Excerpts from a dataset
====

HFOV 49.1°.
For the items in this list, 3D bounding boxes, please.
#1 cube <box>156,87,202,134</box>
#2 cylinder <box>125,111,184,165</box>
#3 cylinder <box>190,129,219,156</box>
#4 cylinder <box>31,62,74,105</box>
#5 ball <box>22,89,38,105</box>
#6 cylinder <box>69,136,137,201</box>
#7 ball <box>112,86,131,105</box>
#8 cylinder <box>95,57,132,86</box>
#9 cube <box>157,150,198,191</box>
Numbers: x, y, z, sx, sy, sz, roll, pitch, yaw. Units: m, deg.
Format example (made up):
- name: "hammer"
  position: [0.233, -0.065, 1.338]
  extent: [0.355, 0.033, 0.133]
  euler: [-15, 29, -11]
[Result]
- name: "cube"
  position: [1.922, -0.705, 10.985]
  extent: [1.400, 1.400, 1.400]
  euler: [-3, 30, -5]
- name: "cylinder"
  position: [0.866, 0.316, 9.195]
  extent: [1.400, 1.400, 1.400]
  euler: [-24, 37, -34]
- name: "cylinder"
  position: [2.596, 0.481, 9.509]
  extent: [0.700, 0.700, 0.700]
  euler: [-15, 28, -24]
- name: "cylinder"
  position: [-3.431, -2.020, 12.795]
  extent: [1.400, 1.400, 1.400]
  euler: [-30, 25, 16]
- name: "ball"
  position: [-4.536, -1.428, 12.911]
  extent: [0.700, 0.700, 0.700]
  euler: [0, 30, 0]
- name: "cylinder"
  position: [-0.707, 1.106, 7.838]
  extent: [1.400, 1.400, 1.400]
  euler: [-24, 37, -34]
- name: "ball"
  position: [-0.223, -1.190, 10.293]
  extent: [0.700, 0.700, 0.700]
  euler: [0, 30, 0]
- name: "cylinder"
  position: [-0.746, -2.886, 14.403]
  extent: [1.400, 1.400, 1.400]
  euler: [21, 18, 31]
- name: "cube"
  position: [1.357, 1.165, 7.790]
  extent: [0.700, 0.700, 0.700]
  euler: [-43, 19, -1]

====

■ Your instructions
The records above are to be restated word for word.

■ Solution for this task
HFOV 49.1°.
For the items in this list, 3D bounding boxes, please.
#1 cube <box>156,87,202,134</box>
#2 cylinder <box>125,111,184,165</box>
#3 cylinder <box>190,129,219,156</box>
#4 cylinder <box>31,62,74,105</box>
#5 ball <box>22,89,38,105</box>
#6 cylinder <box>69,136,137,201</box>
#7 ball <box>112,86,131,105</box>
#8 cylinder <box>95,57,132,86</box>
#9 cube <box>157,150,198,191</box>
Numbers: x, y, z, sx, sy, sz, roll, pitch, yaw. Units: m, deg.
Format example (made up):
- name: "hammer"
  position: [0.233, -0.065, 1.338]
  extent: [0.355, 0.033, 0.133]
  euler: [-15, 29, -11]
[Result]
- name: "cube"
  position: [1.922, -0.705, 10.985]
  extent: [1.400, 1.400, 1.400]
  euler: [-3, 30, -5]
- name: "cylinder"
  position: [0.866, 0.316, 9.195]
  extent: [1.400, 1.400, 1.400]
  euler: [-24, 37, -34]
- name: "cylinder"
  position: [2.596, 0.481, 9.509]
  extent: [0.700, 0.700, 0.700]
  euler: [-15, 28, -24]
- name: "cylinder"
  position: [-3.431, -2.020, 12.795]
  extent: [1.400, 1.400, 1.400]
  euler: [-30, 25, 16]
- name: "ball"
  position: [-4.536, -1.428, 12.911]
  extent: [0.700, 0.700, 0.700]
  euler: [0, 30, 0]
- name: "cylinder"
  position: [-0.707, 1.106, 7.838]
  extent: [1.400, 1.400, 1.400]
  euler: [-24, 37, -34]
- name: "ball"
  position: [-0.223, -1.190, 10.293]
  extent: [0.700, 0.700, 0.700]
  euler: [0, 30, 0]
- name: "cylinder"
  position: [-0.746, -2.886, 14.403]
  extent: [1.400, 1.400, 1.400]
  euler: [21, 18, 31]
- name: "cube"
  position: [1.357, 1.165, 7.790]
  extent: [0.700, 0.700, 0.700]
  euler: [-43, 19, -1]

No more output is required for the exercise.